I’ve even toyed with the idea of replacing most of Basics with Int and Float modules. Yeah, they’ll have some “duplicate” functions, but that’s not a problem for map? (Not saying this is necessarily a good idea, I just like trying to think outside the box.)

It looks like @DullBananas posted in that issue already :slightly_smiling_face:

I’ll second what they asked there though. What does having operators that are explicit for either Float or Int solve? To me it seems like it would result in having to duplicate a lot of math functions? elm-units would especially suffer from this.

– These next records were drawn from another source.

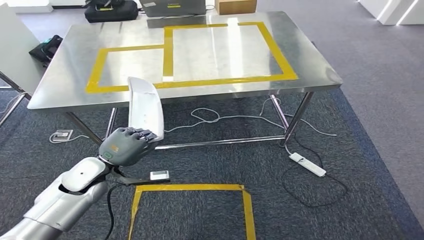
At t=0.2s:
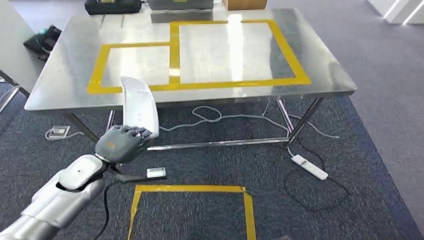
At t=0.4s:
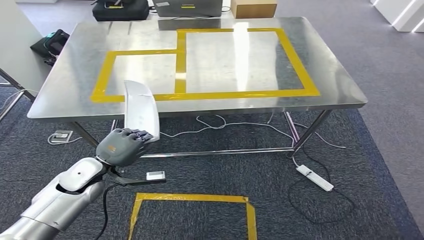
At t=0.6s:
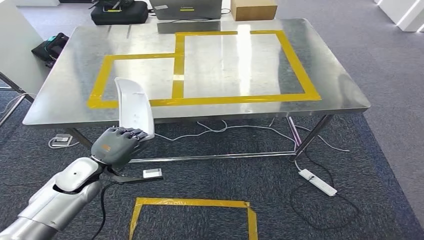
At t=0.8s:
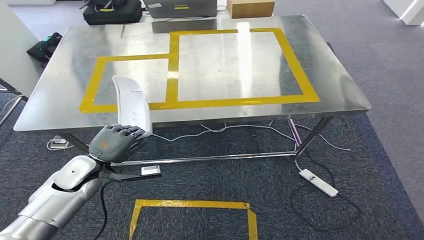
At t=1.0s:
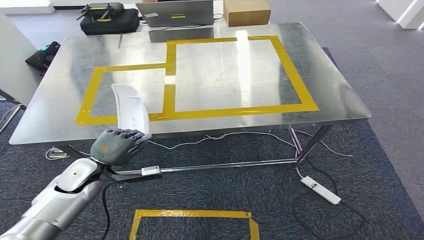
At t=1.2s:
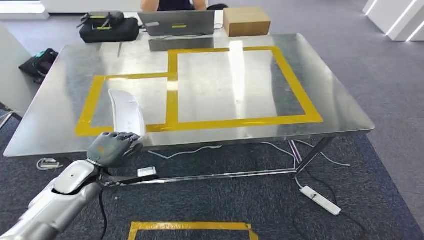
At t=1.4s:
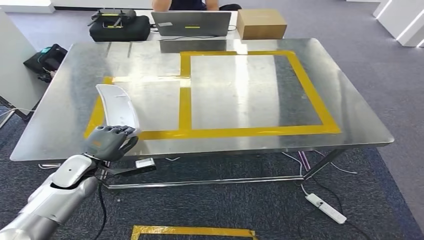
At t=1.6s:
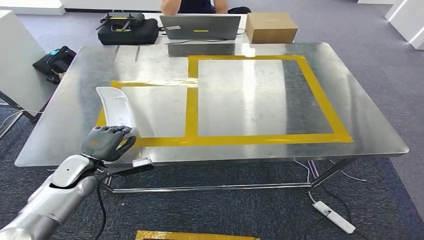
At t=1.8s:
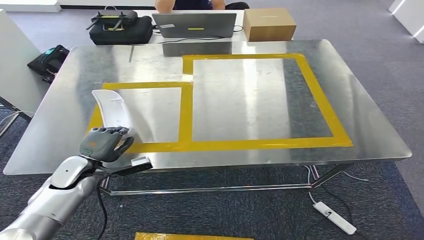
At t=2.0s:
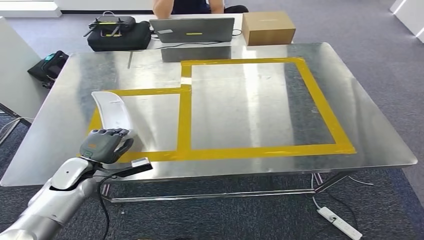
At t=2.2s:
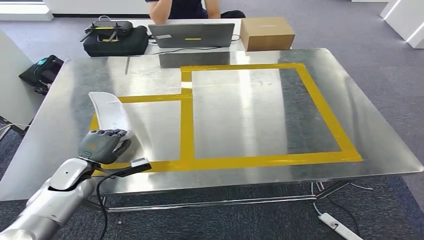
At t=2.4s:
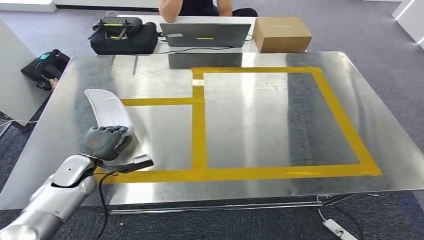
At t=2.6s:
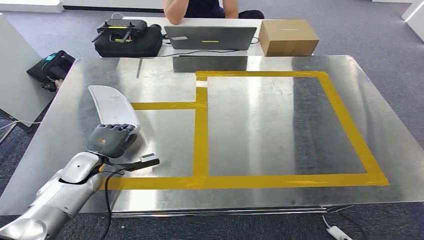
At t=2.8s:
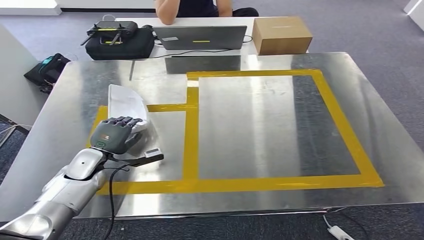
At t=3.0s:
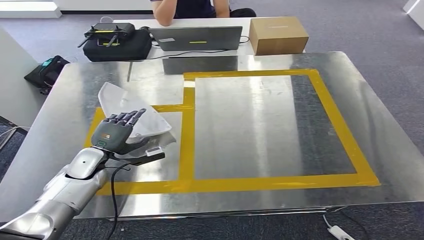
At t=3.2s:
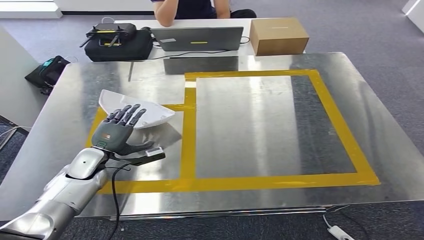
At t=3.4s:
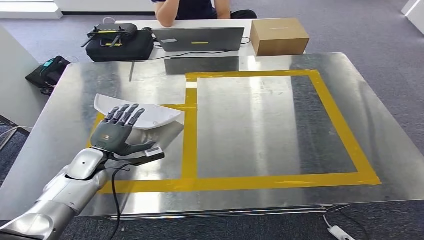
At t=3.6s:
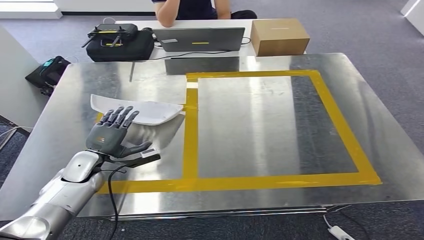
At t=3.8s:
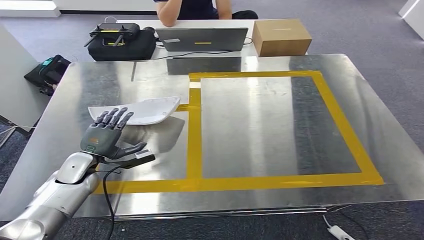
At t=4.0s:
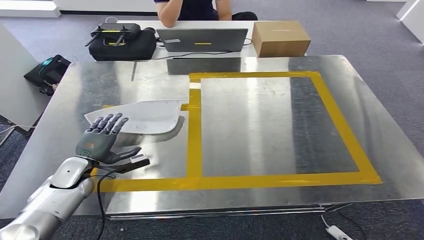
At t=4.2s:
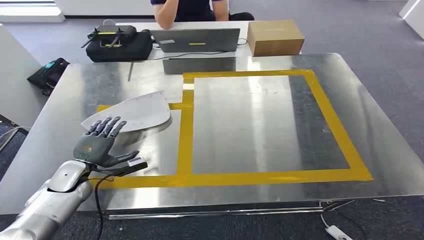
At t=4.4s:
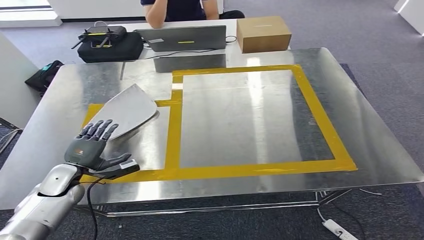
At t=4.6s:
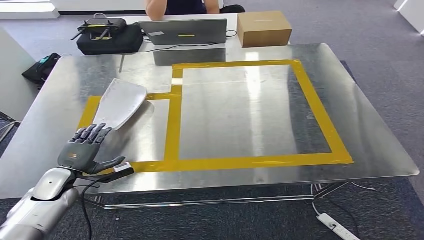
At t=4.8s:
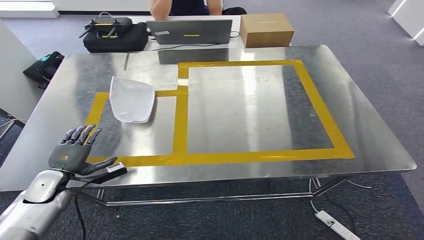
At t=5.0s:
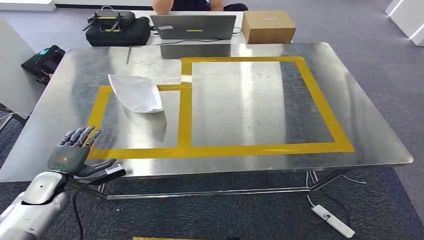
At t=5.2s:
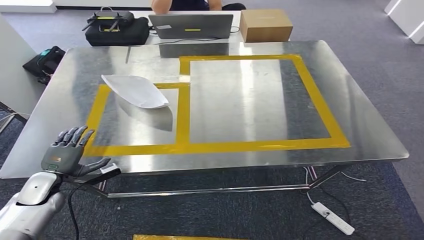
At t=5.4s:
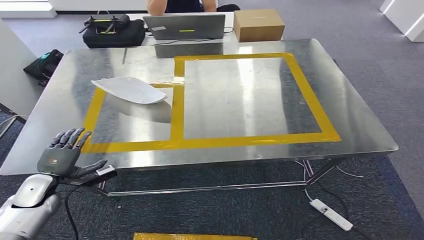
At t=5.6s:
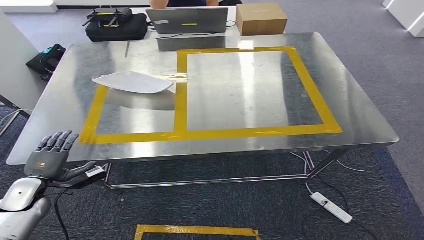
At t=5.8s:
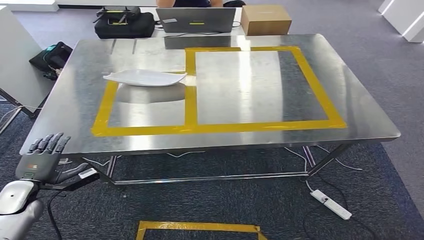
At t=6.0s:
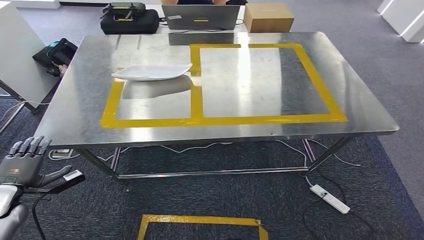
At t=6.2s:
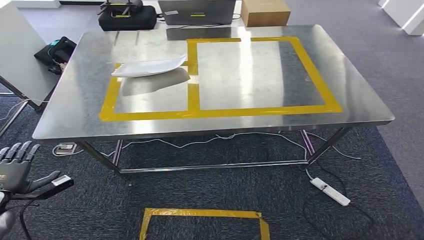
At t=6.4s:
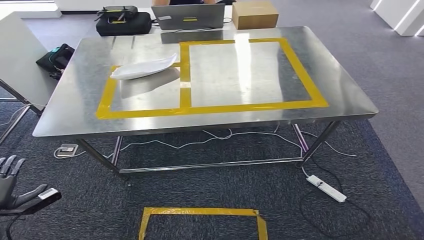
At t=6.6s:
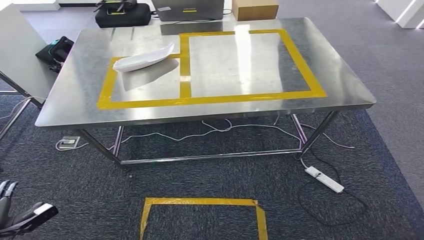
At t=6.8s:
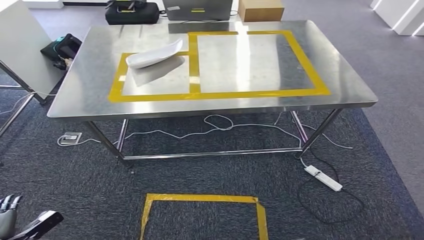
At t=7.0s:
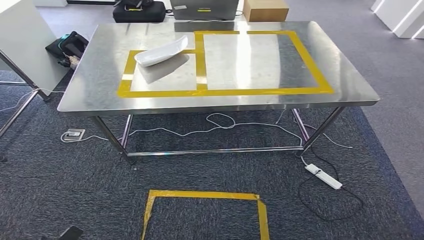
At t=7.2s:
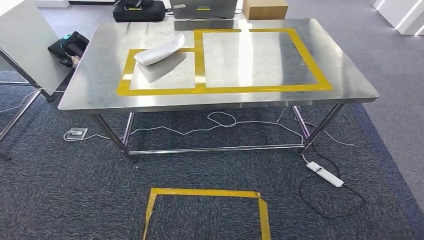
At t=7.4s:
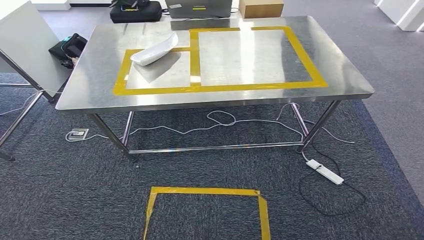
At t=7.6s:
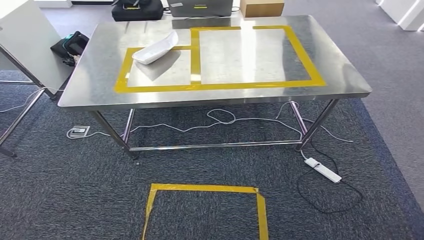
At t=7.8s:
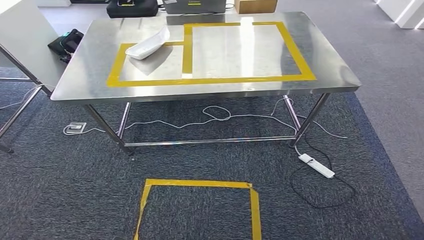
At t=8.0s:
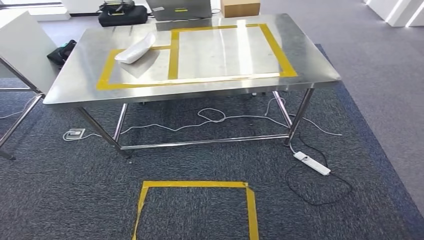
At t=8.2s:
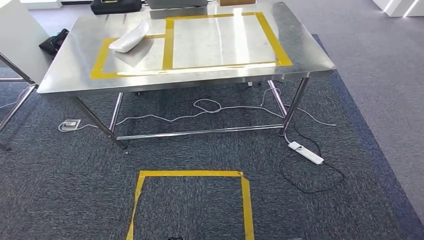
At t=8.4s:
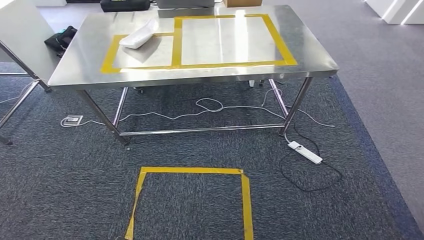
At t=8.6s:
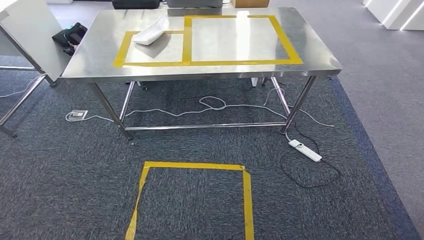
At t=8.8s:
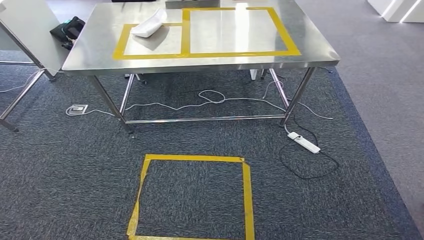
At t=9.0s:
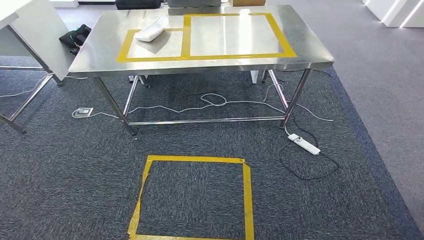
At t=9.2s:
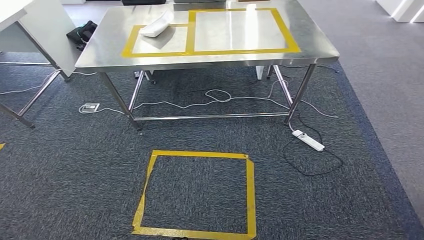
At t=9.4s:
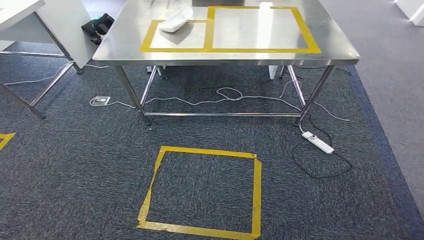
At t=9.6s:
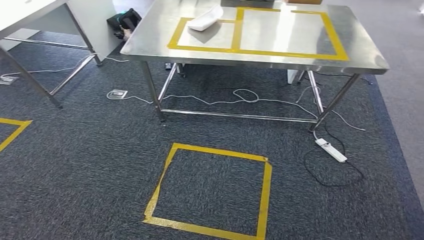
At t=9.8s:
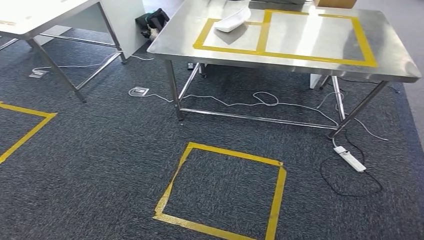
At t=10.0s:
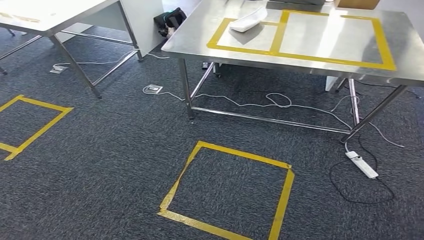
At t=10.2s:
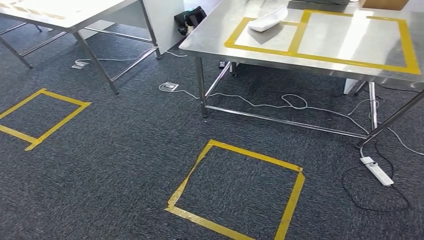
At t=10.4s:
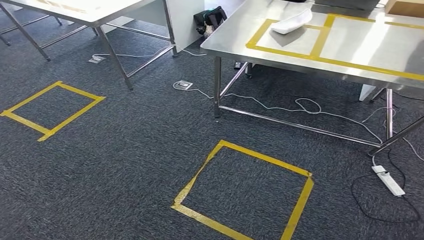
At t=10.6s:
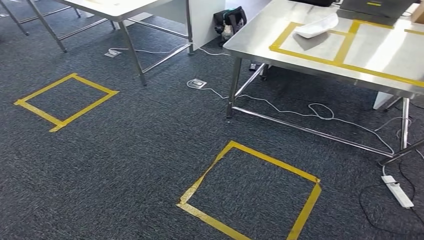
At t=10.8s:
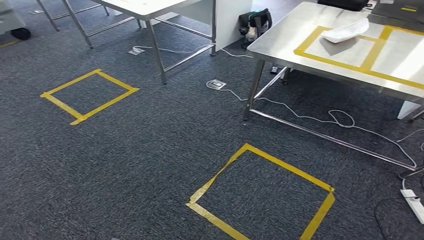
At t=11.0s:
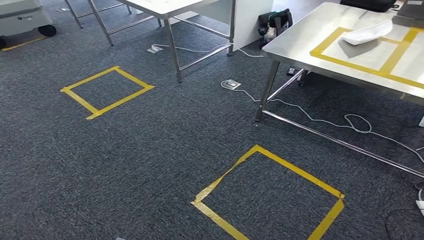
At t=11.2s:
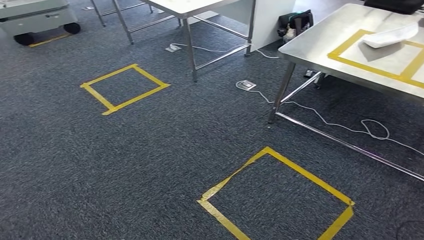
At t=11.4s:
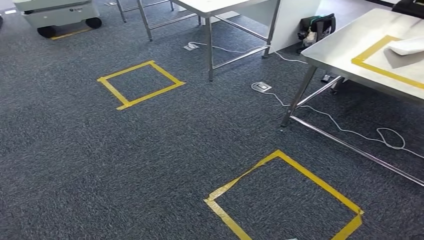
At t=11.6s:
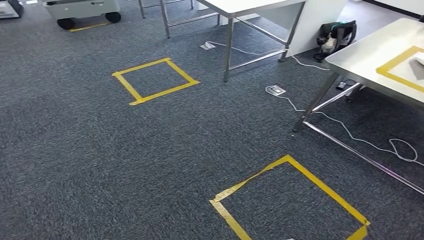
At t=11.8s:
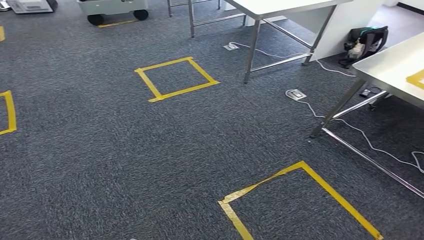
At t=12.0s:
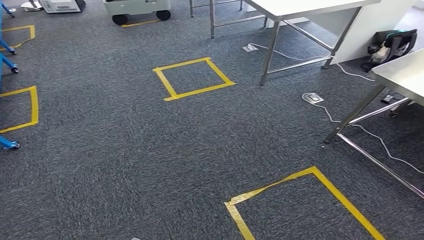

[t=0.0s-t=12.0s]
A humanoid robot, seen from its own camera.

The main problem with removing impossible states from numbers is the fact that there is no way to define a restricted number in your code without being able to get a compile time error if it is out of bounds. Maybe there could be a syntax that takes a maybe or result and unwraps it, and gives a compile error if it is nothing or err.

So with something like this:

clampMaybe : number -> number -> number -> Maybe number
clampMaybe min max value =
    if value <= max && value >= min then
        Just value

We could have this code:

oneToTen : number -> Maybe number
oneToTen =
    clampMaybe 1 10

{ oneToTen 12 } -- compile error
{ oneToTen 5 } -- 5

I’m currently testing a (private) type SafeInt which is restricted to integers in JavaScript safe integer range and defined as

type SafeInt
    = Defined Float
    | Undefined

Undefined works a bit like NaN, but any operation which would result in unrepresentable value causes Undefined, including overflows:

-- `2 ^ 55` is undefined
SafeInt.pow (SafeInt.fromInt 2) (SafeInt.fromInt 55)
    |> SafeInt.toInt
    --> Nothing

While this works and is easy to implement, it’s quite slow - operations can be 100 times slower than with Int. But for my use cases this is good enough.

ps. I’m not using actual NaN internally since that would result in inconsistent behavior because of bug Inconsistant equality for objects containing NaN.